How an interned American helped Washington’s wine industry

By on September 1, 2016
Akio Suyematsu

Akio Suyematsu rides his tractor on his Bainbridge Island farm in the 1960s. He was interned during World War II but returned to the island after the war and played a role in the Washington wine industry. (Photo courtesy of the Educulture Project)

BAINBRIDGE ISLAND, Wash. – One of the darker sides of U.S. history was the internment of American citizens of Japanese descent during World War II. One of those locked away ended up having a role in the development of the Washington wine industry.

We recently caught up with Mike Lempriere, owner and winemaker for tiny Perennial Vintners on this island that is a 30-minute ferry ride from downtown Seattle. Lempriere is a historian of sorts who often tells the story of Akio Suyematsu, a farmer who returned to his island farm after World War II.

It’s a story about fear, loss and redemption.

Here’s the interview:

Growing up on Bainbridge Island

Mike Lempriere of Perennial Vintners

Mike Lempriere, owner and winemaker for Perennial Vintners, stands amid vines on the old Suyematsu farm on Bainbridge Island. Lempriere keeps the story of Akio Suyematsu alive by telling it to tasting room visitors. (Photo by Andy Perdue/Great Northwest Wine)

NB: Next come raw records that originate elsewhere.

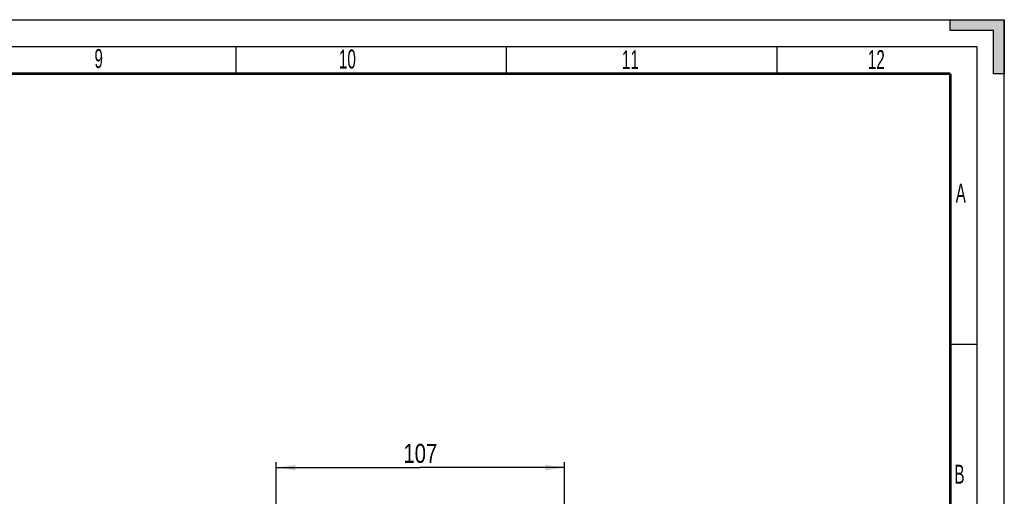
# Model space of a CAD drawing. Header units: millimetres. Extents: x 0 to 594, y 0 to 420.
# Tile 49 of 49: x 412 to 594, y 332 to 420. Entities that reach past the tile are written whole.
import ezdxf

# ---------------------------------------------------------------- set-up
doc = ezdxf.new("R2010")
doc.units = ezdxf.units.MM
doc.header["$LTSCALE"] = 32.67
doc.layers.get('0').update_dxf_attribs({"linetype": 'CONTINUOUS'})
doc.styles.get("Standard").update_dxf_attribs({"font": 'txt', "width": 0.8})
doc.styles.add('TEXTSTYLE_2', font='txt', dxfattribs={"width": 0.6})
doc.dimstyles.new('DIMSTYLE_5', dxfattribs={"dimtxt": 3.5, "dimasz": 3.5, "dimexe": 1, "dimexo": 0, "dimgap": 0.875, "dimtad": 1, "dimdec": 0, "dimlfac": 2, "dimdsep": 46, "dimtxsty": 'STANDARD', "dimblk": '_FILLED', "dimblk1": '_FILLED', "dimblk2": '_FILLED', "dimcen": 0.09, "dimclrt": 5, "dimadec": 0, "dimazin": 0, "dimtp": 0.3, "dimtm": 0.3, "dimtfac": 1, "dimtdec": 0, "dimtofl": 0, "dimtmove": 0, "dimatfit": 3, "dimldrblk": '_FILLED', "dimfxl": 1, "dimtolj": 1, "dimarcsym": 0})

# ---------------------------------------------------------------- blocks, each defined once
blk = doc.blocks.new('_FILLED')
at = {"color": 0, "linetype": 'BYBLOCK'}
blk.add_solid([(0, 0), (-1, 0.143), (-1, -0.143)], dxfattribs=at)
blk = doc.blocks.new('*D9')
at = {"color": 2, "linetype": 'CONTINUOUS'}
for p, q in [((459.42, 295.12), (459.42, 338.16)), ((459.42, 337.16), (486.05, 337.16)), ((512.68, 337.16), (486.05, 337.16)), ((512.68, 295.12), (512.68, 338.16))]:
    blk.add_line(p, q, dxfattribs=at)
at = {"color": 2, "linetype": 'CONTINUOUS', "xscale": 3.5, "yscale": 3.5, "zscale": 3.5, "rotation": 180}
blk.add_blockref('_FILLED', (459.42, 337.16), dxfattribs=at)
at = {"color": 2, "linetype": 'CONTINUOUS', "xscale": 3.5, "yscale": 3.5, "zscale": 3.5}
blk.add_blockref('_FILLED', (512.68, 337.16), dxfattribs=at)
at = {"color": 5, "linetype": 'CONTINUOUS', "insert": (486.05, 341.54), "char_height": 3.5, "width": 8.4, "attachment_point": 2, "line_spacing_factor": 0.9}
blk.add_mtext('107', dxfattribs=at)

msp = doc.modelspace()

# ---------------------------------------------------------------- hatches: boundary and pattern name
at = {"linetype": 'CONTINUOUS'}
msp.add_hatch(color=2, dxfattribs=at).paths.add_polyline_path([(594, 420), (594, 410), (592, 410), (592, 418), (584, 418), (584, 420)])

# ---------------------------------------------------------------- linework, layer by layer
at = {"color": 7, "linetype": 'CONTINUOUS'}
for p, q in [((0, 420), (594, 420)), ((584, 418), (584, 420)), ((594, 0), (594, 420)), ((592, 418), (584, 418)), ((592, 410), (592, 418)), ((452, 410), (452, 415)), ((502, 410), (502, 415)), ((552, 410), (552, 415)), ((594, 410), (592, 410)), ((584, 360), (589, 360))]:
    msp.add_line(p, q, dxfattribs=at)
at = {"color": 2, "linetype": 'CONTINUOUS'}
for p, q in [((589, 415), (15, 415)), ((589, 5), (589, 415))]:
    msp.add_line(p, q, dxfattribs=at)
msp.add_lwpolyline([(594, 420), (594, 410), (592, 410), (592, 418), (584, 418), (584, 420), (594, 420)], dxfattribs=at)
at = {"color": 7, "linetype": 'CONTINUOUS', "const_width": 0.5}
for points in [[(20, 410), (584, 410)], [(584, 410), (584, 10)]]:
    msp.add_lwpolyline(points, dxfattribs=at)

# ---------------------------------------------------------------- texts
at = {"color": 5, "linetype": 'CONTINUOUS', "char_height": 3.5, "attachment_point": 1, "line_spacing_factor": 0.9, "style": 'TEXTSTYLE_2'}
for s, insert, width in [('9', (425.8188, 414.5609), 2.1), ('10', (471.0135, 414.4711), 4.2), ('11', (523.3212, 414.3494), 4.2), ('12', (568.7856, 414.3685), 4.2), ('A', (585.02, 389.6746), 2.1), ('B', (584.7697, 337.6943), 2.1)]:
    msp.add_mtext(s, dxfattribs=dict(at, insert=insert, width=width))

# ---------------------------------------------------------------- dimensions: what is measured, and where the dimension line sits
at = {"color": 2, "linetype": 'CONTINUOUS'}
dim = msp.add_linear_dim(base=(512.6846, 337.1648), p1=(459.4188, 295.1165), p2=(512.6846, 295.1165), dimstyle='DIMSTYLE_5', dxfattribs=at)
dim.commit()
dim.dimension.update_dxf_attribs({"geometry": '*D9', "text_midpoint": (486.0517, 337.1648), "dimtype": 160})

doc.saveas('drawing.dxf')

Japanese began arriving on Bainbridge Island in the second half of the 19th century. Akio’s parents moved to the island in the early 20th century and soon began a family. Back then, Bainbridge was an isolated island that did not yet have the Agate Passage bridge that now links it to the rest of the Kitsap Peninsula.

Akio was born Oct. 30, 1921, on the island and attended school there. He said the Pledge of Allegiance every day. When he was 7 years old, his parents purchased a farm in his name. According to the Bainbridge Review newspaper, his parents weren’t allowed to own property because they were born in Japan. But Akio was born in the United States, so he was exempt from the Japanese Exclusion Act.

Then came the bombing of Pearl Harbor on Dec. 7, 1941, pulling the United States into World War II. Bainbridge was close to a number of facilities related to the military, including the Puget Sound Naval Shipyard in Bremerton and Boeing in Seattle.

“Here in America, we went a little crazy and decided to lock up the Japanese – for better or for worse,” Lempriere told Great Northwest Wine. “There’s all sorts of things you can look back on in history and try to decide for yourself whether it was right or not.”

Lempriere, who has become something of an expert on the World War II internment camps, explained that those of Japanese descent were banned from being within 200 miles of the Washington coastline.

“We only locked up the West Coast,” he said.

Sent to internment camps

Manzanar internment camp

Japanese-Americans work the fields at the Manzanar internment camp in Southern California. Akio Suyematsu and his family were sent to this camp during World War II. (Photo by Ansel Adams/courtesy of the National Archive)

In March 1942, more than 200 residents of Bainbridge Island – all of Japanese descent – were ordered to move out of the 200-mile zone. They were given six days to do that. Lempriere said one family moved to Moses Lake, which was outside the zone.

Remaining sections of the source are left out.